TASK:
Lines from the one containing "Do the same for the person [1295,689,1347,815]." through the final line of the records below are needed, copied exactly, with no pictures.
========================================
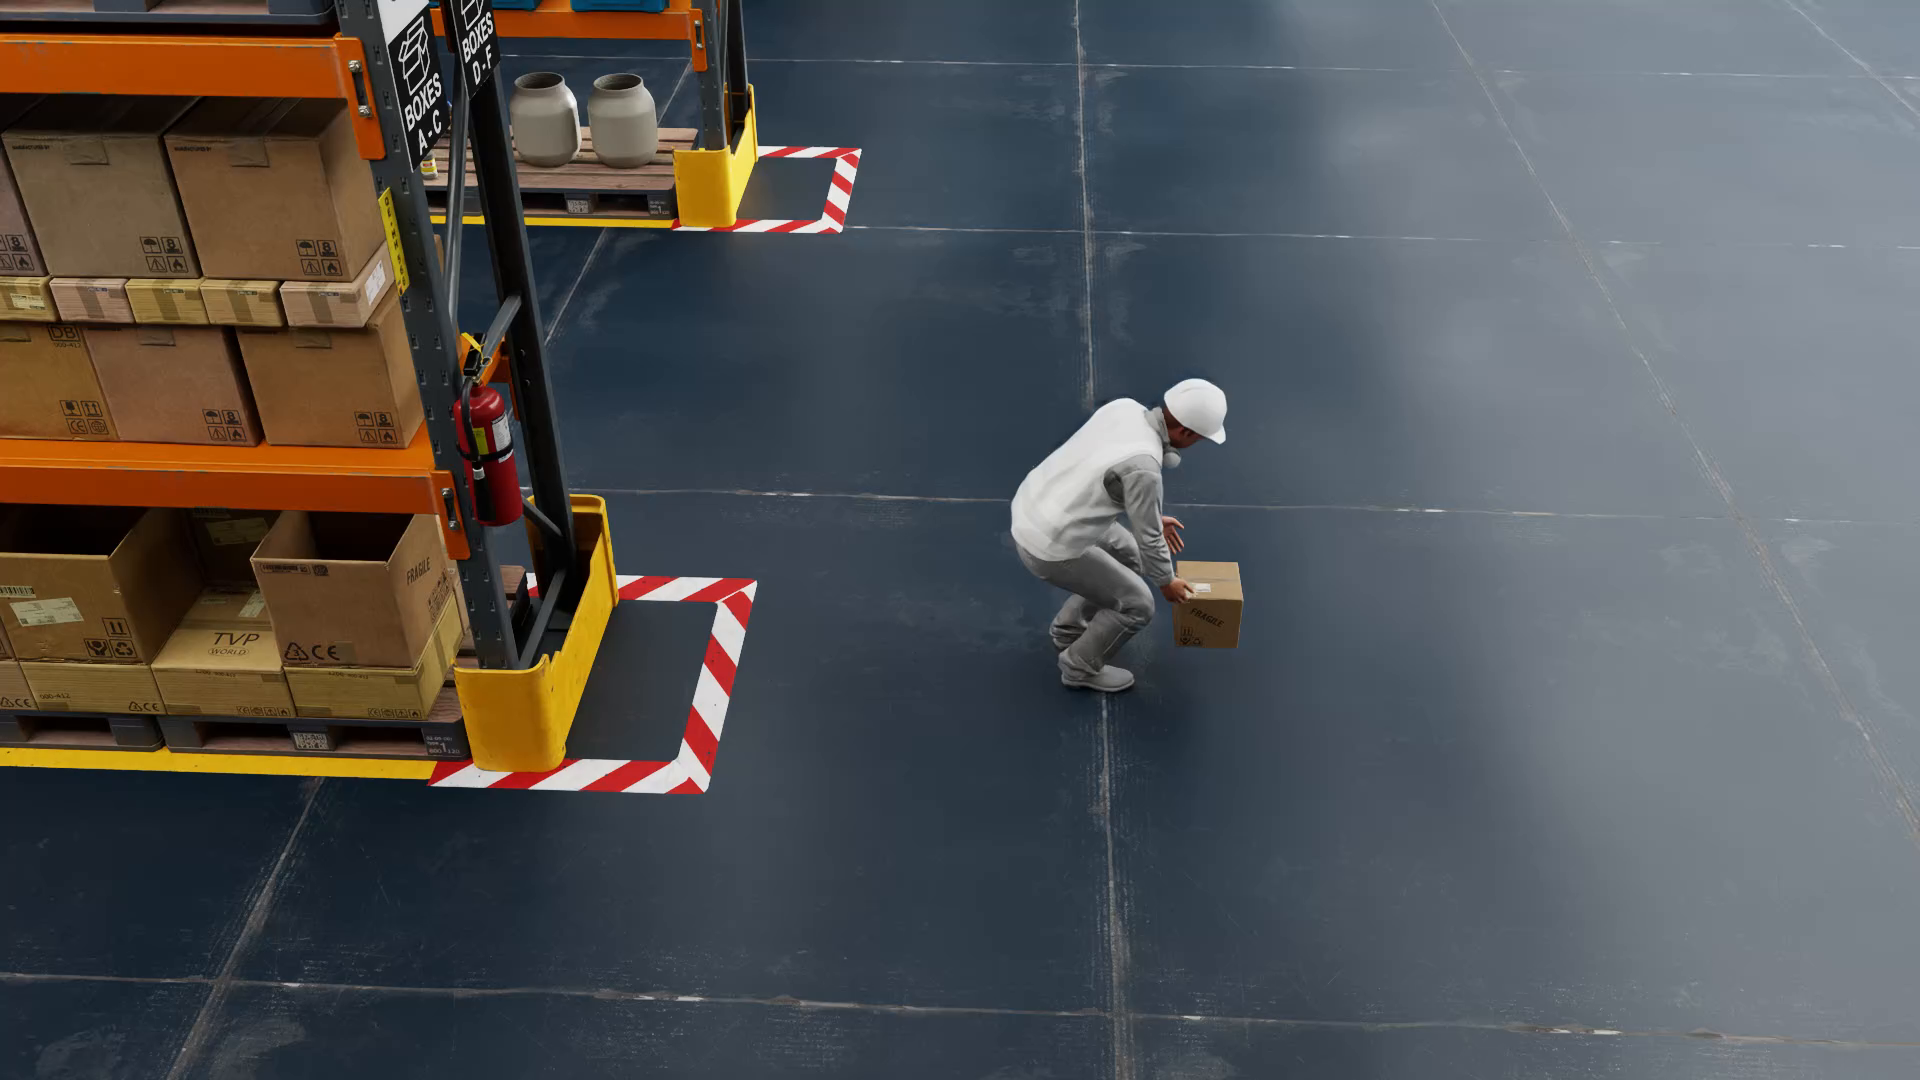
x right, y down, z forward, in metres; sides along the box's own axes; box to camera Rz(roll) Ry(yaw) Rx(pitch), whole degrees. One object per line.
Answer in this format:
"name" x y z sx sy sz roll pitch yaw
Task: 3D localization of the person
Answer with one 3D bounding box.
"person" 0.605 -0.051 6.578 0.810 1.333 0.588 1 35 2
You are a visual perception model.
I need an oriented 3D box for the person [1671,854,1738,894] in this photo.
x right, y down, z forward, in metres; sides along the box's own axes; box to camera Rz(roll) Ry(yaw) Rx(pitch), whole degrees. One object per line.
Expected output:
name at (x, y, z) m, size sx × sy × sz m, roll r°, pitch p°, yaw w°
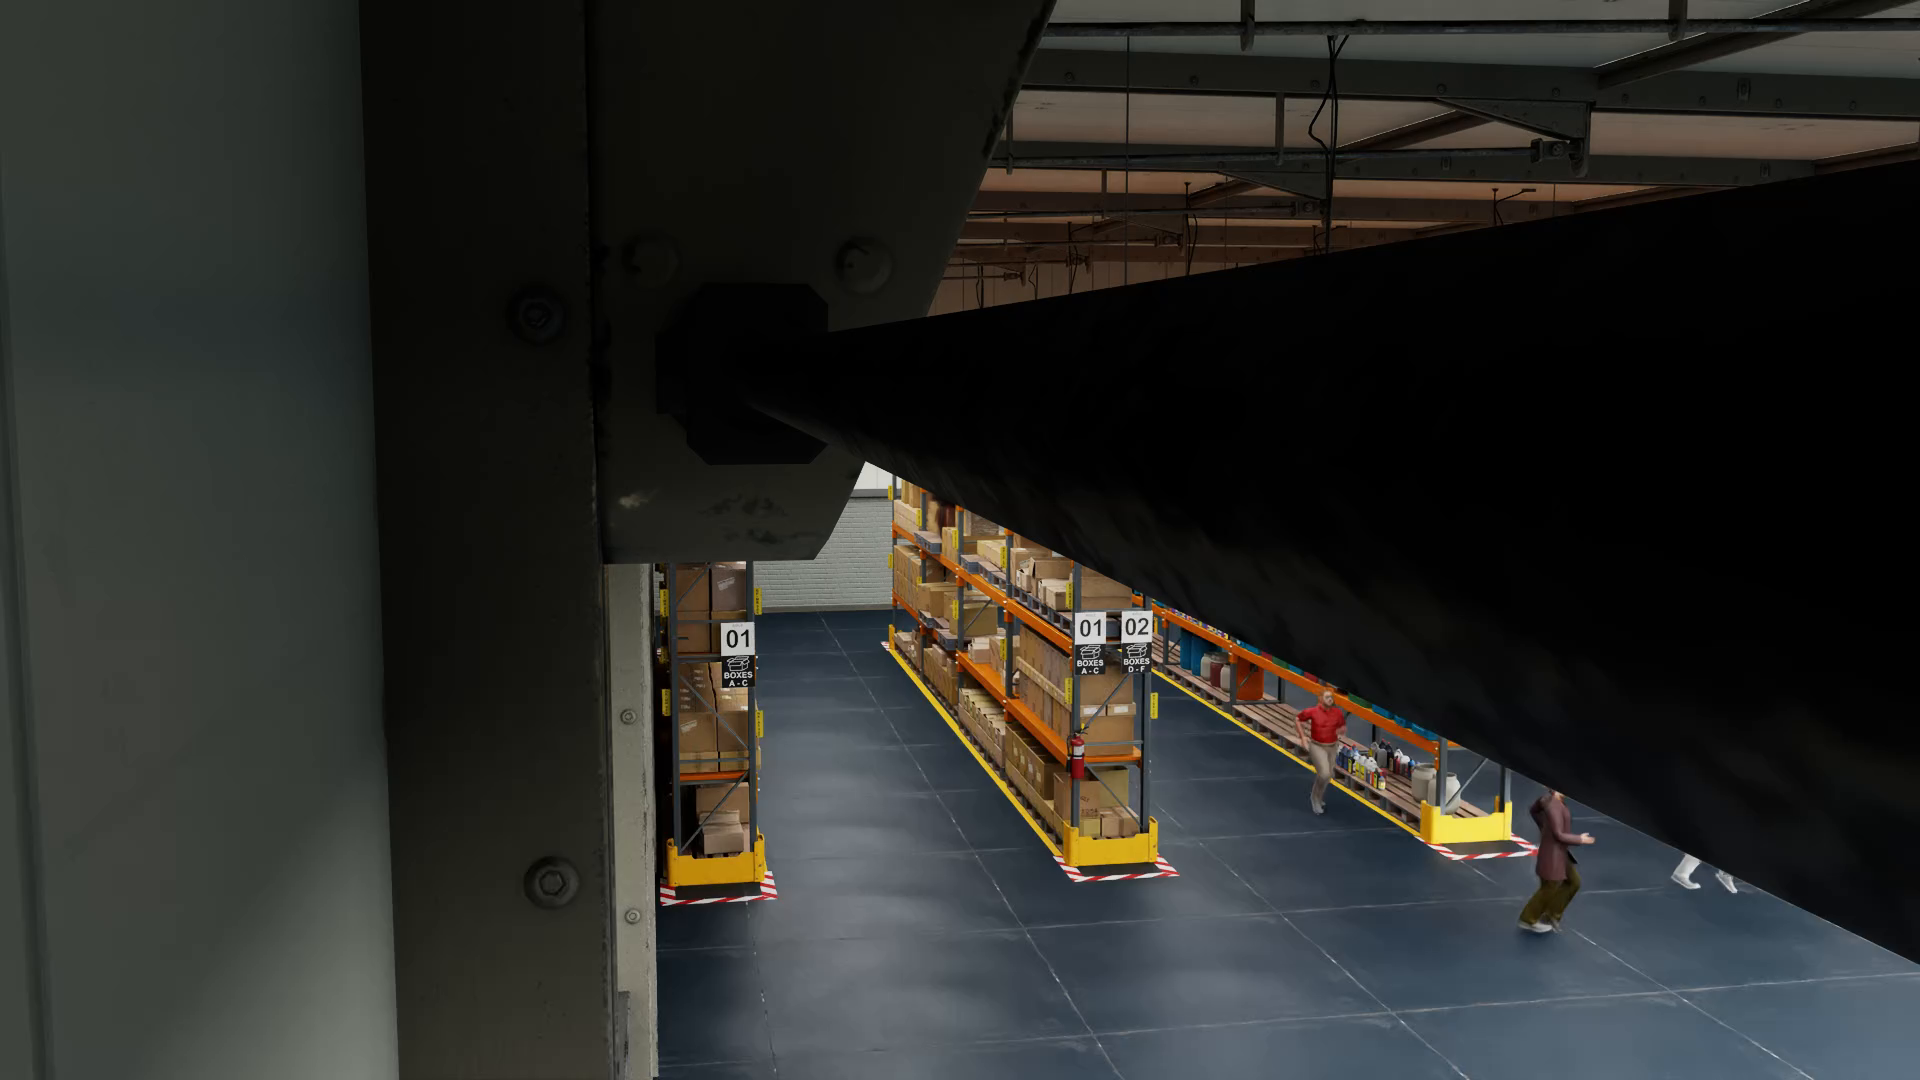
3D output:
person at (8.984, 3.331, 19.767) m, size 0.911 × 1.821 × 0.673 m, roll 3°, pitch 7°, yaw 25°

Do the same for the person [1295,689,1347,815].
person at (5.112, 2.968, 23.308) m, size 0.644 × 1.756 × 0.686 m, roll -2°, pitch 7°, yaw -19°

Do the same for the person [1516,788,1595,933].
person at (6.561, 3.495, 18.298) m, size 0.779 × 1.831 × 0.740 m, roll 2°, pitch 7°, yaw 19°
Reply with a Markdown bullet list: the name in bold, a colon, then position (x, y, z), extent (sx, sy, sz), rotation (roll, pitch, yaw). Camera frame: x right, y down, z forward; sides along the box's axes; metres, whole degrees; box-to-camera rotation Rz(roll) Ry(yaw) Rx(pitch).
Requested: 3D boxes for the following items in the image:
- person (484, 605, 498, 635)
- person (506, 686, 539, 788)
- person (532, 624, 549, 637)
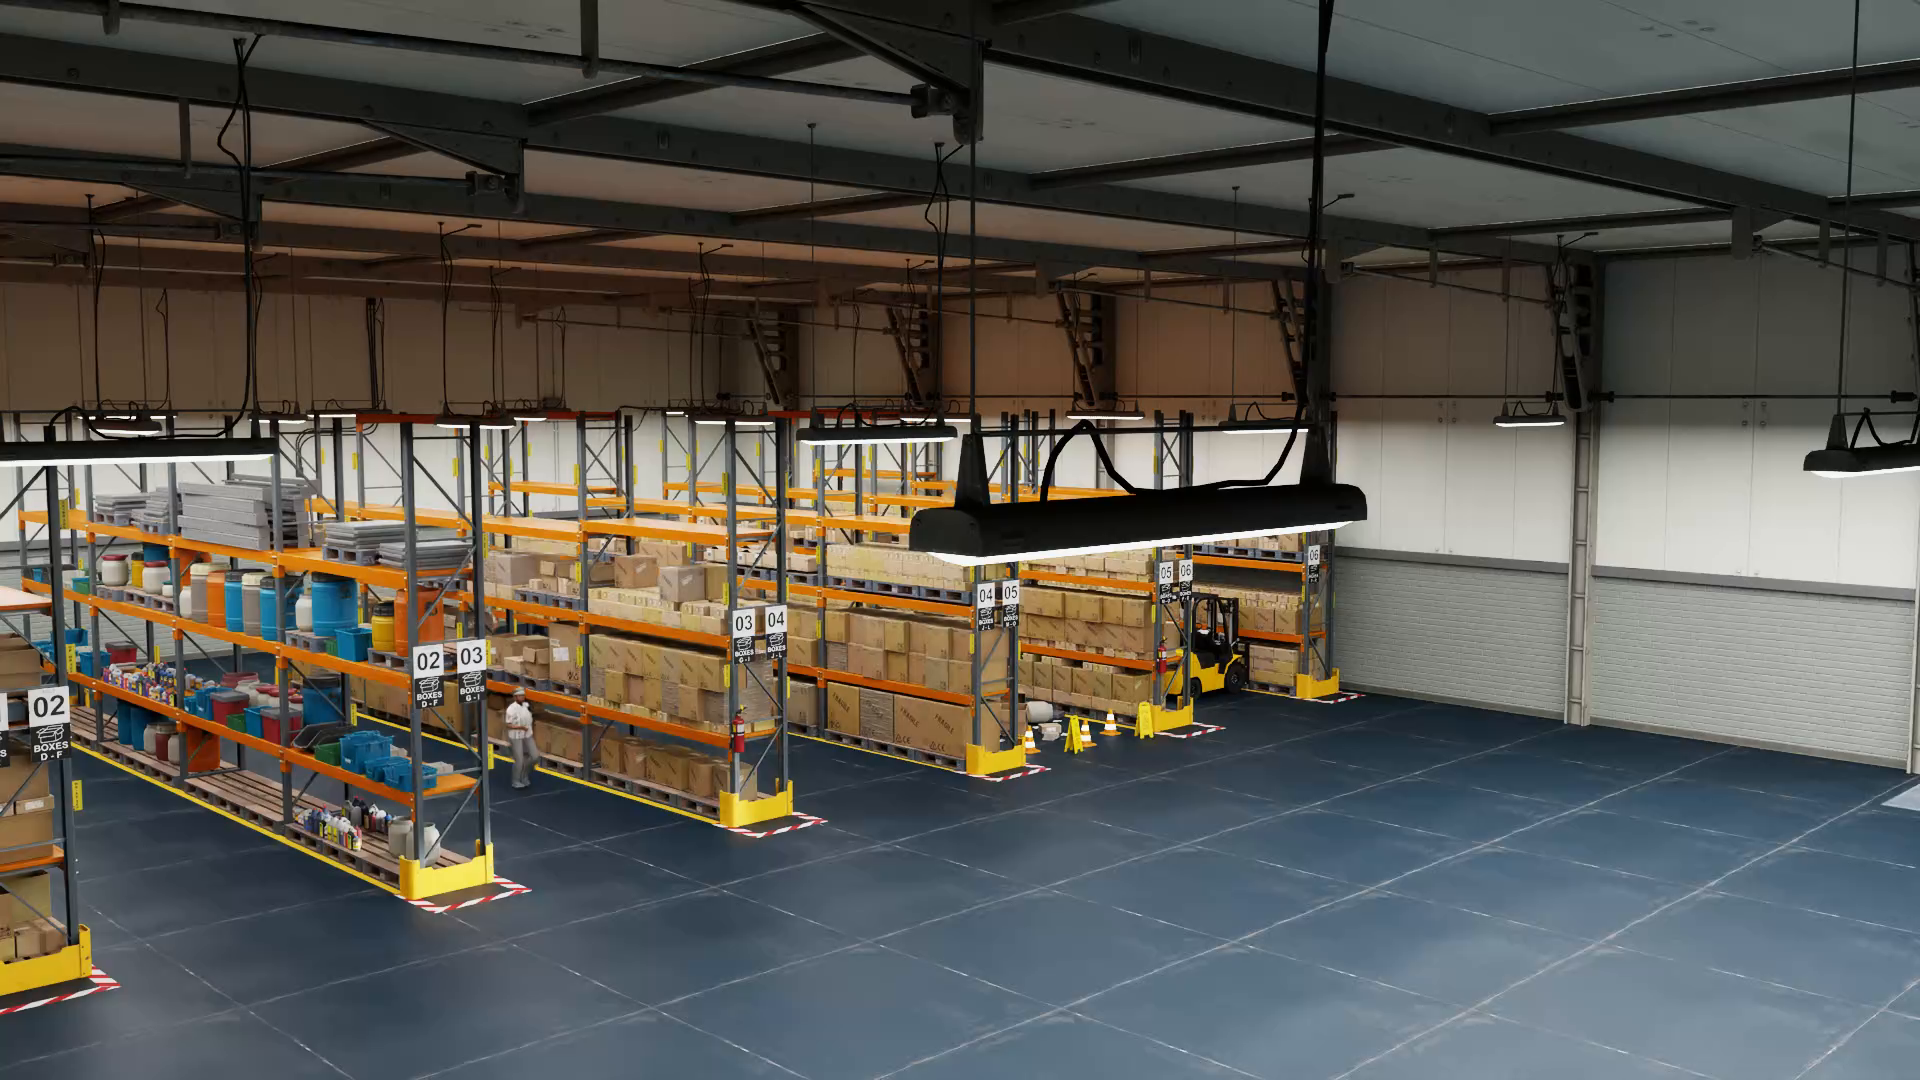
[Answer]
- **person**: position (-10.606, 2.242, 37.028), extent (0.669, 1.823, 0.844), rotation (-5, 7, -42)
- **person**: position (-7.005, 3.174, 26.710), extent (0.611, 1.665, 0.554), rotation (5, 7, 43)
- **person**: position (-10.296, 2.018, 40.700), extent (0.802, 1.551, 0.609), rotation (0, 5, 3)
========================================
EXERCISE SOLUTION:
Do the same for the person [1295,689,1347,815].
person at (5.112, 2.968, 23.308) m, size 0.644 × 1.756 × 0.686 m, roll -2°, pitch 7°, yaw -19°

Do the same for the person [1516,788,1595,933].
person at (6.561, 3.495, 18.298) m, size 0.779 × 1.831 × 0.740 m, roll 2°, pitch 7°, yaw 19°
Reply with a Markdown bullet list: the name in bold, a colon, then position (x, y, z), extent (sx, sy, sz), rotation (roll, pitch, yaw). Camera frame: x right, y down, z forward; sides along the box's axes; metres, whole degrees; box-to-camera rotation Rz(roll) Ry(yaw) Rx(pitch).
Requested: 3D boxes for the following items in the image:
- person (484, 605, 498, 635)
- person (506, 686, 539, 788)
- person (532, 624, 549, 637)
[Answer]
- **person**: position (-10.606, 2.242, 37.028), extent (0.669, 1.823, 0.844), rotation (-5, 7, -42)
- **person**: position (-7.005, 3.174, 26.710), extent (0.611, 1.665, 0.554), rotation (5, 7, 43)
- **person**: position (-10.296, 2.018, 40.700), extent (0.802, 1.551, 0.609), rotation (0, 5, 3)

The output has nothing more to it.